El texto ya fue aprobado en primera vuelta el año pasado. La ley establece un marco de gobernanza mediante la designación de autoridades notificantes y autoridades de vigilancia del mercado, encargadas de supervisar el cumplimiento de la normativa. Determina que aquellos productos ya regulados por normas sectoriales, como maquinaria, juguetes, vehículos o productos sanitarios, mantendrán su misma autoridad.

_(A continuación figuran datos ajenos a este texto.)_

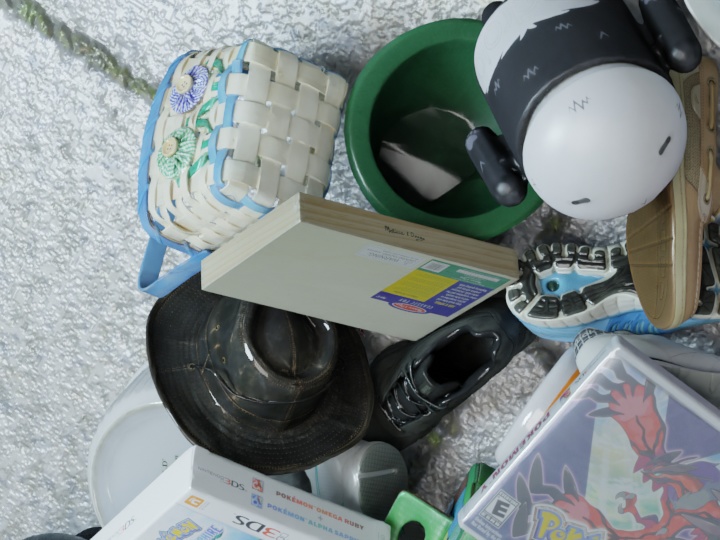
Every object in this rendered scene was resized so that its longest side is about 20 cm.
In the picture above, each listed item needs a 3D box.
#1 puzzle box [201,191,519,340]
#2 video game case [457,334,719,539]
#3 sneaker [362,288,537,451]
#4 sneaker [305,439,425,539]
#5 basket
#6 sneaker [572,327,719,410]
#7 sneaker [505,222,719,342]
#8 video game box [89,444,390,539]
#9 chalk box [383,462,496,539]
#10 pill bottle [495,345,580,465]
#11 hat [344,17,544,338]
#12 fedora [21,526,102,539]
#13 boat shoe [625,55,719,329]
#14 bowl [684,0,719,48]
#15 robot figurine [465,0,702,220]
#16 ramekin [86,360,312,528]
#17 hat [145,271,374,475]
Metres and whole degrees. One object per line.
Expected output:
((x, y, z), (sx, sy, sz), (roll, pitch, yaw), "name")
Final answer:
((0.000, 0.000, 1.670), (0.133, 0.199, 0.026), (-33, 52, 46), "puzzle box")
((0.201, 0.170, 1.633), (0.199, 0.023, 0.183), (36, 108, -13), "video game case")
((0.050, 0.085, 1.773), (0.076, 0.091, 0.200), (46, 118, 1), "sneaker")
((0.007, 0.211, 1.834), (0.080, 0.070, 0.202), (14, 131, 38), "sneaker")
((-0.102, -0.083, 1.715), (0.138, 0.178, 0.200), (19, 155, -22), "basket")
((0.249, 0.085, 1.680), (0.199, 0.081, 0.077), (18, 108, -27), "sneaker")
((0.210, 0.015, 1.706), (0.198, 0.090, 0.079), (-2, 66, 8), "sneaker")
((-0.105, 0.227, 1.761), (0.181, 0.047, 0.200), (26, 134, -23), "video game box")
((0.106, 0.242, 1.752), (0.199, 0.124, 0.125), (26, 110, -3), "chalk box")
((0.210, 0.156, 1.719), (0.199, 0.113, 0.113), (36, 115, 7), "pill bottle")
((0.051, -0.082, 1.761), (0.199, 0.176, 0.166), (-33, 86, -13), "hat")
((-0.213, 0.291, 1.931), (0.199, 0.092, 0.202), (14, 124, 22), "fedora")
((0.234, -0.058, 1.639), (0.064, 0.071, 0.202), (2, 86, -22), "boat shoe")
((0.319, -0.234, 1.568), (0.199, 0.090, 0.203), (6, 107, 19), "bowl")
((0.153, -0.125, 1.601), (0.124, 0.201, 0.151), (0, 130, -21), "robot figurine")
((-0.129, 0.164, 1.859), (0.198, 0.105, 0.202), (6, 108, 20), "ramekin")
((-0.070, 0.052, 1.741), (0.200, 0.201, 0.081), (34, 140, 9), "hat")
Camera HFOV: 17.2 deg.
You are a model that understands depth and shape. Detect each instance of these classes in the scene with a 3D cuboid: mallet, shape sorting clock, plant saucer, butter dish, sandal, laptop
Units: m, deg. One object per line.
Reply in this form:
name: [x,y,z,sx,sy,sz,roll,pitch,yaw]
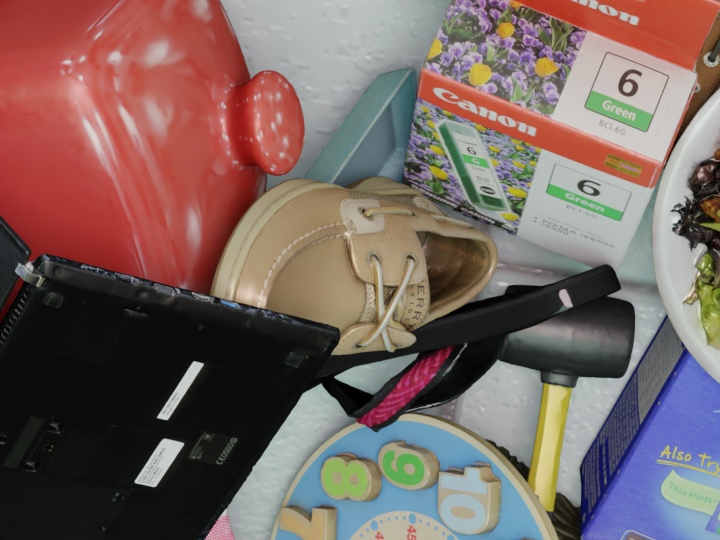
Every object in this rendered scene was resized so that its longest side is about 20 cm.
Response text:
mallet: [0.076,0.104,1.135,0.066,0.041,0.200,16,88,-2]
shape sorting clock: [0.023,0.168,1.135,0.200,0.039,0.200,1,91,40]
plant saucer: [-0.030,-0.002,1.053,0.019,0.200,0.070,23,152,19]
butter dish: [-0.095,-0.054,1.004,0.148,0.200,0.200,-7,117,22]
sandal: [0.033,0.044,1.104,0.200,0.075,0.045,-17,92,33]
laptop: [-0.141,0.031,0.945,0.200,0.103,0.177,15,128,-26]

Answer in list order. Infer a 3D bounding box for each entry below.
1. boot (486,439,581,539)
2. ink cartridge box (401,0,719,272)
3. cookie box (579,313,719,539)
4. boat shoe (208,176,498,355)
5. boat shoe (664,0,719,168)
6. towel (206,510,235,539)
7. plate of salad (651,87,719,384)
boot: [0.053,0.201,1.219,0.175,0.066,0.200,42,111,-4]
ink cartridge box: [0.080,-0.070,1.006,0.109,0.050,0.200,22,161,5]
cookie box: [0.222,0.065,1.132,0.171,0.075,0.200,23,116,-9]
boat shoe: [0.000,0.000,1.005,0.064,0.200,0.071,20,110,21]
boat shoe: [0.166,-0.127,1.038,0.068,0.072,0.200,13,117,-5]
towel: [-0.116,0.164,1.135,0.146,0.030,0.200,-25,118,-28]
plate of salad: [0.226,-0.012,1.025,0.200,0.048,0.200,1,116,3]
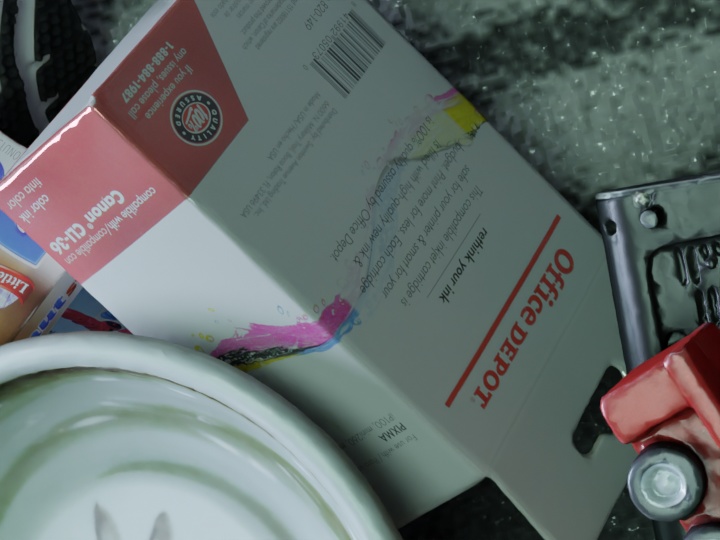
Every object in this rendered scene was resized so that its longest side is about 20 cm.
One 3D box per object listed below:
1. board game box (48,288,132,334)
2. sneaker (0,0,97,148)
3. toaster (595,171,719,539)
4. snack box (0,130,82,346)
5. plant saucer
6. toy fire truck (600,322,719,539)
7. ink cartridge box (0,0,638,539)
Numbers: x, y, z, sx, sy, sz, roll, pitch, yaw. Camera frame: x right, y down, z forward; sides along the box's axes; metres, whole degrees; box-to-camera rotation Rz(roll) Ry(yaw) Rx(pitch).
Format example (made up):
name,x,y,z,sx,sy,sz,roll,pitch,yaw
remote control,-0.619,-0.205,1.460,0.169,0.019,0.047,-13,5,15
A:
name,x,y,z,sx,sy,sz,roll,pitch,yaw
board game box,-0.106,0.064,0.832,0.200,0.105,0.103,24,106,15
sneaker,-0.136,-0.110,0.796,0.080,0.074,0.200,31,141,22
toaster,0.181,0.048,0.717,0.181,0.119,0.200,-9,96,22
snack box,-0.175,-0.041,0.792,0.200,0.024,0.072,33,78,17
plant saucer,-0.065,0.113,0.743,0.200,0.050,0.200,4,102,20
toy fire truck,0.143,0.038,0.639,0.141,0.049,0.200,-33,87,21
ink cartridge box,0.000,0.000,0.754,0.200,0.117,0.067,44,136,-10
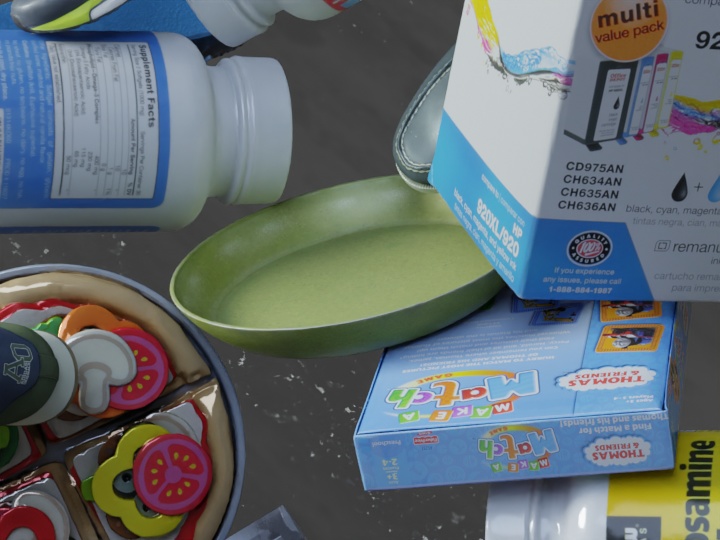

El resto de los sistemas no regulados por legislación de producto, como los relativos al empleo, biometría o educación, se atribuyen principalmente a la reciente Agencia de Supervisión de Inteligencia Artificial (Aesia), así como a la Agencia Española de Protección de Datos (AEPD) y el Consejo General del Poder Judicial (CGPJ), en función del ámbito a supervisar. También se promueve un modelo de colaboración institucional reforzado, incluyendo mecanismos de coordinación entre autoridades y un punto de contacto único para cuestiones de supervisión a través de la Aesia.
Durante su intervención, el ministro también puso en valor la encíclica del Papa León XIV, en la que el Pontífice alerto sobre los peligros de la inteligencia artificial. En concreto, destacó la «visión humanista» del texto y su defensa de «los derechos humanos», con la que el Gobierno se siente «plenamente identificado». López también puso en valor el papel de España dentro del terreno de la inteligencia artificial. Para ello, hizo referencia a varios estudios, entre ellos a uno de la Universidad de Stanford, en el que se destaca que nuestro país es la primera potencia europea en la materia y la séptima del mundo.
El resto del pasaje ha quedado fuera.